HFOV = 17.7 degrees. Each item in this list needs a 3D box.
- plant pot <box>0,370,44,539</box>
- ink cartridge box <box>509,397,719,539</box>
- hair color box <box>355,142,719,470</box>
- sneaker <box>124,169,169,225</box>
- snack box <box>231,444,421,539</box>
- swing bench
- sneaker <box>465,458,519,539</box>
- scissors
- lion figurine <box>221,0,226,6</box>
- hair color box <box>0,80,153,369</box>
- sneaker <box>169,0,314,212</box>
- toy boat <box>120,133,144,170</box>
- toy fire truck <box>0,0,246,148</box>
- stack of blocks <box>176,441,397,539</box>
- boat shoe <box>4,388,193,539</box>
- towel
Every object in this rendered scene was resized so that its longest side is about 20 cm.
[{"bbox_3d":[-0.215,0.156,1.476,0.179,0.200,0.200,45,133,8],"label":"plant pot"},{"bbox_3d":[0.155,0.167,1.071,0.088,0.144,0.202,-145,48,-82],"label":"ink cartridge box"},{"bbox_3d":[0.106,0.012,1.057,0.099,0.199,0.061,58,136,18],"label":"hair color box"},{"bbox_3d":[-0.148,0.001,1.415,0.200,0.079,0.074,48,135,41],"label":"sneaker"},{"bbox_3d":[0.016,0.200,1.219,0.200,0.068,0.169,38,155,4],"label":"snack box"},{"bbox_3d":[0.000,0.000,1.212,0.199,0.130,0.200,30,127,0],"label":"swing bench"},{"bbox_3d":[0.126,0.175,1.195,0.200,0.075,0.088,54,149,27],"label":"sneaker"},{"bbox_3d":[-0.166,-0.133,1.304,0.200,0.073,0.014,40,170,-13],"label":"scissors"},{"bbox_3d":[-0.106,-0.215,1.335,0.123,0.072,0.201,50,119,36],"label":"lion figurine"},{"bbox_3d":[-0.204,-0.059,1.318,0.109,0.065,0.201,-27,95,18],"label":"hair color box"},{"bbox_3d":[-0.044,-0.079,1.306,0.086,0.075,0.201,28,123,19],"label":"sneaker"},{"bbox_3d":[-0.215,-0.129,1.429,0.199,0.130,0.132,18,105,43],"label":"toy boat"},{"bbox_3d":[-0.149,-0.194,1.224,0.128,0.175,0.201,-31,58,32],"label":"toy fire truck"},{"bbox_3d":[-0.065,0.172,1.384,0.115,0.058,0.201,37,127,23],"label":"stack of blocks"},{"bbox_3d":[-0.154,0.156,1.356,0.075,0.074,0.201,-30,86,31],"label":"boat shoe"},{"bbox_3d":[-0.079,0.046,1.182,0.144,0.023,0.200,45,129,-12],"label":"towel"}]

......

> [INSTRUCTIONS FOR THE TASK] Look above for the line with "- plant pot <box>0,370,44,539</box>" and the line with "- toy boat <box>120,133,144,170</box>"; transcribe both and all lines in between, exactly, and nothing else.

> [EXERCISE SOLUTION]
- plant pot <box>0,370,44,539</box>
- ink cartridge box <box>509,397,719,539</box>
- hair color box <box>355,142,719,470</box>
- sneaker <box>124,169,169,225</box>
- snack box <box>231,444,421,539</box>
- swing bench
- sneaker <box>465,458,519,539</box>
- scissors
- lion figurine <box>221,0,226,6</box>
- hair color box <box>0,80,153,369</box>
- sneaker <box>169,0,314,212</box>
- toy boat <box>120,133,144,170</box>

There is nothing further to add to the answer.